**EXERCISE INSTRUCTIONS**
Below are some entries. Copy each line in them that holds "invented".

**STUDY MATERIAL**

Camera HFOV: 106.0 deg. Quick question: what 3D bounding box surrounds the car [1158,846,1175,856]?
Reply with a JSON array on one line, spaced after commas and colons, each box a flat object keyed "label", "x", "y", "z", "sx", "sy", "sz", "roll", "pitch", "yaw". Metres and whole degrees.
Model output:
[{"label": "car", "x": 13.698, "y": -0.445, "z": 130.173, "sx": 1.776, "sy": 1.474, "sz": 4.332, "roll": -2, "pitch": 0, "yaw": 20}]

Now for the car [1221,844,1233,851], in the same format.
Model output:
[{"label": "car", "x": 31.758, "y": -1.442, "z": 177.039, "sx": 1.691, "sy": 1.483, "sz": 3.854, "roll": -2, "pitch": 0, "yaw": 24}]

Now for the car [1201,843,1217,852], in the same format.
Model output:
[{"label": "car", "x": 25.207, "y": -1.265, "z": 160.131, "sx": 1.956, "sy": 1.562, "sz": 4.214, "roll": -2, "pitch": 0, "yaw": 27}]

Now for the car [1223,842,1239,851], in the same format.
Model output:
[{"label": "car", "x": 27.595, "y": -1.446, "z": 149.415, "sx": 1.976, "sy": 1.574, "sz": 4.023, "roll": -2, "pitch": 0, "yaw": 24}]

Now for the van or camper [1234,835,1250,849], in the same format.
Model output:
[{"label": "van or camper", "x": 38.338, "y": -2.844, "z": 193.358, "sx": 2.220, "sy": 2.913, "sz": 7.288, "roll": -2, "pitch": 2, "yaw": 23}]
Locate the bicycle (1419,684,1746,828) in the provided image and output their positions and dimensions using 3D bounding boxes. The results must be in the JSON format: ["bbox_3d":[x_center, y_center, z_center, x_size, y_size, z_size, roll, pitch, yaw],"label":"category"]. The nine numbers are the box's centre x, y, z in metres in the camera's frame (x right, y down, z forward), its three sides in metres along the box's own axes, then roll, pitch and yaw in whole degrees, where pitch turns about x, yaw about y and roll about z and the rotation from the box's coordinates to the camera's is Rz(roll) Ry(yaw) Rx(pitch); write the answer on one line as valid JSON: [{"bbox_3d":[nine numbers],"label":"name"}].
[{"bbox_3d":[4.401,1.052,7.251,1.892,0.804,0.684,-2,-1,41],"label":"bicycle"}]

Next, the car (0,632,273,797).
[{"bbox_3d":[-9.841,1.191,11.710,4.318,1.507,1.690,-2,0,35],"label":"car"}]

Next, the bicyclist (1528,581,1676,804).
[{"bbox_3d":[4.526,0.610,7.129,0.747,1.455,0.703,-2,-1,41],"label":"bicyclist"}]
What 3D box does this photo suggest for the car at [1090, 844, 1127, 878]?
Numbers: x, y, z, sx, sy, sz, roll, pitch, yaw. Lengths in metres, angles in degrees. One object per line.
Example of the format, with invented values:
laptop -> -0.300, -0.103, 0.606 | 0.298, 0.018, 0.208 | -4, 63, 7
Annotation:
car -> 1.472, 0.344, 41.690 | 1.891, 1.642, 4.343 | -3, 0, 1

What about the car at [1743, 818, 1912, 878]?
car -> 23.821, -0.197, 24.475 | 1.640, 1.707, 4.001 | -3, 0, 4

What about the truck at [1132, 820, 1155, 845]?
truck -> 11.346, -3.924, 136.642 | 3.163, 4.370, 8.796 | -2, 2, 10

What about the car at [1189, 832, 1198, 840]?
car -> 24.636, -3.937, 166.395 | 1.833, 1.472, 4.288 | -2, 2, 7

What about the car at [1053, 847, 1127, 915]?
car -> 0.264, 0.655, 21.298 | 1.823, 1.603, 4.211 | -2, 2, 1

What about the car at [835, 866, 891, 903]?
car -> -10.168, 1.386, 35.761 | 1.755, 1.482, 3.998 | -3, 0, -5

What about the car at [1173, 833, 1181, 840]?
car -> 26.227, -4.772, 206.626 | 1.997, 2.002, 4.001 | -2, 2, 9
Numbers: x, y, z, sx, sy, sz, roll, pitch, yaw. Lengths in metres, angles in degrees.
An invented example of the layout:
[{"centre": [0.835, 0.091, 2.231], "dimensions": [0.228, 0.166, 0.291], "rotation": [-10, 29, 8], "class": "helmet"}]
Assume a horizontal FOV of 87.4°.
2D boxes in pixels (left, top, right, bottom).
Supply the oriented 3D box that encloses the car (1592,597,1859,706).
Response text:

**ANSWER SECTION**
Example of the format, with invented values:
An invented example of the layout:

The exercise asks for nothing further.